First, the bill raises the amounts that individuals can contribute to candidates and PACs and the amounts that PACs can contribute to candidates from $4,000 to $5,000 per election. Importantly, this dollar amount will be indexed to increase in odd numbered years beginning in 2015 based on the consumer price index. The bill also changes the time periods for an “election cycle,” extending it through the end of the calendar year after an election. Therefore, contributors who have reached their maximum contribution limits cannot provide additional support for debt reduction immediately following the election. Additionally, the bill repeals the $1,000 limit for contributions to candidates for superior or district court judge positions and eliminates the public funding program for appellate court elections.

However, the General Assembly narrowed a few traditional loopholes. The bill limits family members who may give unlimited amounts to candidates. Previously, a candidate’s spouse, parents, brothers and sisters were exempt from the contribution limits. Now, only a candidate’s spouse may donate unlimited amounts to the candidate. HB 589 also attempts to prescribe the use of money given for a political party “building fund.” Donations to these funds were previously unlimited, which made them a long-standing avenue for soft money. HB 589 seeks to change that by limiting the expenditure of money given for a building fund to use for a principal headquarters building and prohibits the use of those funds for headquarters equipment, other than fixtures, personnel compensation, or travel/fundraising expense. It does allow funds to be used for up to three administrative personnel who meet certain requirements.

Several key changes to the rules governing mass communications were included. The bill repeals Articles 22G and 22H defining candidate-specific communications and requiring disclosure statements to be filed with the State Board of Elections for candidate-specific communications in broadcast, cable, satellite, mass mailings or telephone banks. The bill clarifies that electioneering communications will be defined as those communications aired or transmitted after September 7 for November general elections. Most importantly, the bill strikes the previous requirement for sponsors of printed independent expenditure communications and electioneering communications to disclose the names of the five largest donors within the prior 6-month period, providing additional cover to those who donate to independent expenditures and electioneering communications.

The legislation clarifies that lobbyists can not collect from one or multiple contributors whereas the previous law strictly referred to bundling multiple contributors. This section also strengthens the term “recipient” to include both a candidate and candidate campaign committee. This particular portion of the bill becomes effective October 1, 2013.

Finally, the legislation clarifies that raffles may be administered by candidates and political committees. Receipts and expenditures from raffles will be reported on campaign finance reports, and ticket purchases will be considered contributions for reporting purposes.

Additional changes may be on the way in either a special session or the 2014 short session. During the interim, the legislation directs the Joint Legislative Election Oversight Committee to study a number of other changes, including the thresholds for the creation of political committees, standardizing the reporting schedules for political committees, electioneering communications, and independent expenditures, and eliminating the 48-hour campaign finance reporting obligations in periods leading up to the elections.

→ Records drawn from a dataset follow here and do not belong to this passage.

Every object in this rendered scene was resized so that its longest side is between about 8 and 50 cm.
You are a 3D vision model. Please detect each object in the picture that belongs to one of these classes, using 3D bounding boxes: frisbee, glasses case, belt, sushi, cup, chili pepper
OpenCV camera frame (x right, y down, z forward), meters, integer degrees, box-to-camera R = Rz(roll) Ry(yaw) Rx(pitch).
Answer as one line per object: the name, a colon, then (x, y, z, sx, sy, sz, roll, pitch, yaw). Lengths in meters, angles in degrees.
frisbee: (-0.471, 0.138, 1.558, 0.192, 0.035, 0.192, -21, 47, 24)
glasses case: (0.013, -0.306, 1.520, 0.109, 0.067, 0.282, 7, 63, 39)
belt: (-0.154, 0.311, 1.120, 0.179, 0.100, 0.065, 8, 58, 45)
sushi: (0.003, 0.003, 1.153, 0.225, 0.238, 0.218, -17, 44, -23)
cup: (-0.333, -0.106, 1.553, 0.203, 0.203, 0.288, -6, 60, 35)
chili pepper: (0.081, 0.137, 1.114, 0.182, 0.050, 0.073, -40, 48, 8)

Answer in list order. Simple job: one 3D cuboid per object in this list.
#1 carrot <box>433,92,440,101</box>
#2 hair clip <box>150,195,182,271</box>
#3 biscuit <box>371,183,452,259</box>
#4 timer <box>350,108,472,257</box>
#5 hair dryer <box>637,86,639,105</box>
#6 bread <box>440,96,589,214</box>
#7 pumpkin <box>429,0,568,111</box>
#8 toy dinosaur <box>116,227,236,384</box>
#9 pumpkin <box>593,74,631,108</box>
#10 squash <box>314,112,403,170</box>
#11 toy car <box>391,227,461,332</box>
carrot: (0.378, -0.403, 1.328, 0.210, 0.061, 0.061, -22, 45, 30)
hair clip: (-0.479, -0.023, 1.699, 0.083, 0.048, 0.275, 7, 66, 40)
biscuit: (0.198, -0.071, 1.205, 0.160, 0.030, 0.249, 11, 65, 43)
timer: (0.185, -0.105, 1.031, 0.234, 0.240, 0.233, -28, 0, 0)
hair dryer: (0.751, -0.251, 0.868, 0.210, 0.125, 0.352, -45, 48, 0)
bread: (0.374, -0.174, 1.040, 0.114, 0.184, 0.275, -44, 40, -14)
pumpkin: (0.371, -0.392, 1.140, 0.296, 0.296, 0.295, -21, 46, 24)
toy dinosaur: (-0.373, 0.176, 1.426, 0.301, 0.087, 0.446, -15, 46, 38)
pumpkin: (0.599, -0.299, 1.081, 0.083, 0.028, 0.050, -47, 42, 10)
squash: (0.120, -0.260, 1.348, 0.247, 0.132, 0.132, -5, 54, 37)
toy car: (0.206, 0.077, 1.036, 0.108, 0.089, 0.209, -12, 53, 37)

Unless otherwise noted, the above provisions of the bill become effective January 1, 2014, except for the voter identification requirement, which becomes effective on January 1, 2016. Governor McCrory has until August 26 to sign the bill, veto it, or allow it to become law without his signature.

DISCLAIMER: Because of the generality of this update, the information provided herein may not be applicable in all situations and should not be acted upon without specific legal advice based on particular situations.